Wednesday, May 20, 2009


This morning I brought my homeroom donuts. I told them that if they raised $300 in the Pennies for Patients fundraiser (which benefits and leukemia and lymphoma society) I would bring them donuts, and today I followed through on my end of the bargain, purchasing two and a half dozen donuts on the way to work.

Remember when you'd get a treat at school? Cupcakes on someone's birthday, cookies as a reward, whatever. I love sweets. LOVE them, to this very day. The fact that I did not open the box this morning and eat all their donuts makes me think I deserve some sort of medal. So, when I was in class and we got a treat, I was always very excited, and ate my snack immediately. Not like I stuffed my face and had crumbs everywhere, but I ate it right away.

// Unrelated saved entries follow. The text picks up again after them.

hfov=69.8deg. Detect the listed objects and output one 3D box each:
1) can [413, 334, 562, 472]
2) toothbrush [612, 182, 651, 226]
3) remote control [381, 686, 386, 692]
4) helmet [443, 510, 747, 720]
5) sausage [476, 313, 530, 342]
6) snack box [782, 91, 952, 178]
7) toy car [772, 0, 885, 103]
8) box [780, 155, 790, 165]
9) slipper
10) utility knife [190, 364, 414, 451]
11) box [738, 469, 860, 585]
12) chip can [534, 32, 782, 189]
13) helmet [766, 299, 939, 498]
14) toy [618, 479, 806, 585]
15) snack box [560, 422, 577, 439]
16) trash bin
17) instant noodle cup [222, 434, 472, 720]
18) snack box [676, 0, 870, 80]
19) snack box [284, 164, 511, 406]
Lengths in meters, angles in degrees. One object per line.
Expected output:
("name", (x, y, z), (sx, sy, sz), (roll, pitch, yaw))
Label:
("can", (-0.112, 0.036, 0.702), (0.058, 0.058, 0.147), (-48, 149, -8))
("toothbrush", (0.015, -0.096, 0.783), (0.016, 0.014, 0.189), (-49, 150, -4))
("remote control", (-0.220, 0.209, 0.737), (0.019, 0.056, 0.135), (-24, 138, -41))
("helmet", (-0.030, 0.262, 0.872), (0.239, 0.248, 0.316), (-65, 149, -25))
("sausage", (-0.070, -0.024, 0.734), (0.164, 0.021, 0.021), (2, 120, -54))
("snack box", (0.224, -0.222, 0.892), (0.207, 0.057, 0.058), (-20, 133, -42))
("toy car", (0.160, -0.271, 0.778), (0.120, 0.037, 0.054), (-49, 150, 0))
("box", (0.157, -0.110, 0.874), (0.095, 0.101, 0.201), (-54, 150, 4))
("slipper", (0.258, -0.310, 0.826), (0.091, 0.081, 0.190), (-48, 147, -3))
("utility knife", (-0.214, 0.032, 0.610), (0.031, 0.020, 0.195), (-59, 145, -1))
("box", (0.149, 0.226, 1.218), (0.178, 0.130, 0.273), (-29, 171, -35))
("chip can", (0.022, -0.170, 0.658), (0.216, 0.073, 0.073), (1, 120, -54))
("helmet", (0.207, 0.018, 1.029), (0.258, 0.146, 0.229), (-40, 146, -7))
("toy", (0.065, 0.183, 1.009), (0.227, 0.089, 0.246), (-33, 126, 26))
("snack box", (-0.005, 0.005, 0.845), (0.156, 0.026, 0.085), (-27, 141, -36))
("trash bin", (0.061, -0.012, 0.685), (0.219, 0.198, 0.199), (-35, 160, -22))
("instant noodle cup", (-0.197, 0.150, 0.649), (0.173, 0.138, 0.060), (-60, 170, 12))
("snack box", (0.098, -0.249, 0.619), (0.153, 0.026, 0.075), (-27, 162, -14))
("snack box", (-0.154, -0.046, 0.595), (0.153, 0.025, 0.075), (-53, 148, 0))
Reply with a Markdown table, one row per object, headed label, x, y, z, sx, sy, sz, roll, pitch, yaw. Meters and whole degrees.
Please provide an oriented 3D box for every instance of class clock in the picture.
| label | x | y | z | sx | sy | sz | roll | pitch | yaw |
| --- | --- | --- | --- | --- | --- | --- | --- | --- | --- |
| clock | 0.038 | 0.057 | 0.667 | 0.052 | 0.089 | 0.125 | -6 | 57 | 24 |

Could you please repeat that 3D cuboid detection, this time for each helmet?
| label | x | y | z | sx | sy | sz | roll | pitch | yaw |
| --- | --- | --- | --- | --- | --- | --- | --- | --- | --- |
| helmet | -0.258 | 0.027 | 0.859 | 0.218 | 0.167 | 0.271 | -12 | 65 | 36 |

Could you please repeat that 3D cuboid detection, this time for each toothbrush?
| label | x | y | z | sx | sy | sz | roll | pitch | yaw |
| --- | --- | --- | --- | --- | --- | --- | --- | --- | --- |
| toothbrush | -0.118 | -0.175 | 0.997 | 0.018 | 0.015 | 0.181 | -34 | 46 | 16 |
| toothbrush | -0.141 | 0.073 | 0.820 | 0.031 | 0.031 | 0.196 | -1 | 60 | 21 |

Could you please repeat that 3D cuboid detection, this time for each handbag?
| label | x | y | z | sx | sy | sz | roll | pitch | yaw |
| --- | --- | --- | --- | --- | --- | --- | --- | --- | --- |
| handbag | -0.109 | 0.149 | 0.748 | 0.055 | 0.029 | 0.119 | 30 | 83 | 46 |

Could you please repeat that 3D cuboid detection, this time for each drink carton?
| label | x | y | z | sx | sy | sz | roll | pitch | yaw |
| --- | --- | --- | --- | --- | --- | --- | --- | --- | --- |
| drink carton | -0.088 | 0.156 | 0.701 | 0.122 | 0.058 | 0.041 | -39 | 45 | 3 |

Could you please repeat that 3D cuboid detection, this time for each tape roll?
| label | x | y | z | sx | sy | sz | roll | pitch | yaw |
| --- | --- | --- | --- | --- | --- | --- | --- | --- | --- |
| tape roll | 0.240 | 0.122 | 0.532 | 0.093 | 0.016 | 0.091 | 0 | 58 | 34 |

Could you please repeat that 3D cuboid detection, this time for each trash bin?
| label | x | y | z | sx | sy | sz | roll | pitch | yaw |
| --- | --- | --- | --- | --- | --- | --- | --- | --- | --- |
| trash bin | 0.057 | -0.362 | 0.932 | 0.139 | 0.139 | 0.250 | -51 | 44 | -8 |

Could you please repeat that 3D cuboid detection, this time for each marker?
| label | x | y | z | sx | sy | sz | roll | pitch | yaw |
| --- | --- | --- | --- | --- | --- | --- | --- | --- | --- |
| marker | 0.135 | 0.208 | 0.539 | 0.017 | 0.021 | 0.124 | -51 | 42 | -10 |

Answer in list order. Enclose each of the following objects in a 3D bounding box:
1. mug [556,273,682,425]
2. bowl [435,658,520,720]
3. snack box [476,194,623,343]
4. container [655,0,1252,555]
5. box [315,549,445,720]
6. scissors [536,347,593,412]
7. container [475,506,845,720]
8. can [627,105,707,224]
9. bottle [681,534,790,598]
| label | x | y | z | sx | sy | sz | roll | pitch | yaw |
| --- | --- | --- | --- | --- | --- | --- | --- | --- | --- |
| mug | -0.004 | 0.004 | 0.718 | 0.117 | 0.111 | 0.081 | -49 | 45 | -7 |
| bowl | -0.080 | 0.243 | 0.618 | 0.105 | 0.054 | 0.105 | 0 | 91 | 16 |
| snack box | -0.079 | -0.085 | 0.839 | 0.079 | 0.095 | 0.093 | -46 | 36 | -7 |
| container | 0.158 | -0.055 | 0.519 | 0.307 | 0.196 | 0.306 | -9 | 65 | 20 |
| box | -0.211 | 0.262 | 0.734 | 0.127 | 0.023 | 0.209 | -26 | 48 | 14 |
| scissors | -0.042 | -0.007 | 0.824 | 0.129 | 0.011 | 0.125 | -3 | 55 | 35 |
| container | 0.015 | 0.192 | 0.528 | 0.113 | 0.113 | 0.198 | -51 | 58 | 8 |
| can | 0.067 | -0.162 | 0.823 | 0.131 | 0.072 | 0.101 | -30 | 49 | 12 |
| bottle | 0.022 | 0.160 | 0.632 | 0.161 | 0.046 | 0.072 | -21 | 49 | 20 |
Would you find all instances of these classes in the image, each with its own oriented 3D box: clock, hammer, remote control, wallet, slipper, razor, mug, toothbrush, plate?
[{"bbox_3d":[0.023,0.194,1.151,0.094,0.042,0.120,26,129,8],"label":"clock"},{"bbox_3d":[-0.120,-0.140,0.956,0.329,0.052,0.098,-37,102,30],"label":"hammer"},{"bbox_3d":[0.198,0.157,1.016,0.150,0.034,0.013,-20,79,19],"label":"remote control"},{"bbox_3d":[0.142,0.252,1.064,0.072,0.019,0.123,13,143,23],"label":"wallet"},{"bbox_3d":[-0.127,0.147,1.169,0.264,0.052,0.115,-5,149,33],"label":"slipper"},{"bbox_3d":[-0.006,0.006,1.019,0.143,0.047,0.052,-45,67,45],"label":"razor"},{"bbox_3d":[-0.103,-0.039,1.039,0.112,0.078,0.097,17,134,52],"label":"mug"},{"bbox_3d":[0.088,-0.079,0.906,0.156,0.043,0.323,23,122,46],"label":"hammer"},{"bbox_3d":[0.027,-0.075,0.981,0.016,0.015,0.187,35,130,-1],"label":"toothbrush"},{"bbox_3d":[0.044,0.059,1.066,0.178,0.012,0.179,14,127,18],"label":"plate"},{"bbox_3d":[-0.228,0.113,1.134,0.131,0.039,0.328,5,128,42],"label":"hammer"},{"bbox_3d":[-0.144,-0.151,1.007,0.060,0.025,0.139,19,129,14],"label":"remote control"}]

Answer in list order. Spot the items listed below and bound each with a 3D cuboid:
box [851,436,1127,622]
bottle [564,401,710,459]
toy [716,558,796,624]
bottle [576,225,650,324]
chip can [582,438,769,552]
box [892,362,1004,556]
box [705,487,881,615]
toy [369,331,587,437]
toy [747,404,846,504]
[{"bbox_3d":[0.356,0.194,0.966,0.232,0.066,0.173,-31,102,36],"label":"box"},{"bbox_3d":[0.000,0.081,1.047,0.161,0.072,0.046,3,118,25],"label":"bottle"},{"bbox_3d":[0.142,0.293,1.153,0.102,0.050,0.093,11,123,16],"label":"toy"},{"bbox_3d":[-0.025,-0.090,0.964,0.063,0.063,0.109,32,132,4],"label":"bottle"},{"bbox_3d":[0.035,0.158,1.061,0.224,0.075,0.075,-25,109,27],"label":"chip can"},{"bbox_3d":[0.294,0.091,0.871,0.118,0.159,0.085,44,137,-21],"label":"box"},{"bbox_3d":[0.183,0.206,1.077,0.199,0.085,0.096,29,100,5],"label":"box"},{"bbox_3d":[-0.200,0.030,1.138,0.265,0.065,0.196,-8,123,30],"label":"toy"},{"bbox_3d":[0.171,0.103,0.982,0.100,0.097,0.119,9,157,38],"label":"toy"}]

And then. And then, I would look around five minutes later and be in total awe of the kids who still had the entire cookie on their desk, untouched. HOW did they manage this? I mean, even as an adult, I am impressed by the kids who right now, 45 minutes after I gave them the donuts, have not eaten them yet. Some of them wrapped them in their napkins, to enjoy at nutrition (which I don't get...half the fun is that you get to eat in class!). But, even more amazing is the boy sitting a few feet from me who has taken bites of his chocolate twist donut periodically, but still has over half of it left. It's just sitting there while he reads his history book. WHA? I can barely contain myself from going over there and eating it, I don't know how in the world he can manage this feat. Who are these people? And what kind of self-control will they have as adults...these people could probably buckle down and go to medical school or run marathons, or just say no to drugs forever.

...although the boy in question is tardy EVERYDAY to first period...I guess we all have our weaknesses.


  1. Instead of 2 1/2 dozen donuts, I would've bought three dozen donuts and consumed six of them on the way to school. If I wiped the glaze off my face, no one would ever know.

  2. Hahaha, oh Polly you are a woman after my own heart...

  3. I laughed out loud. I don't know who those people are, but I certainly resinate with the AWNSC (Adult With No Self Control.) I am completely "jabled" in those situations too. (Word verification word - had to use it in a sentence.)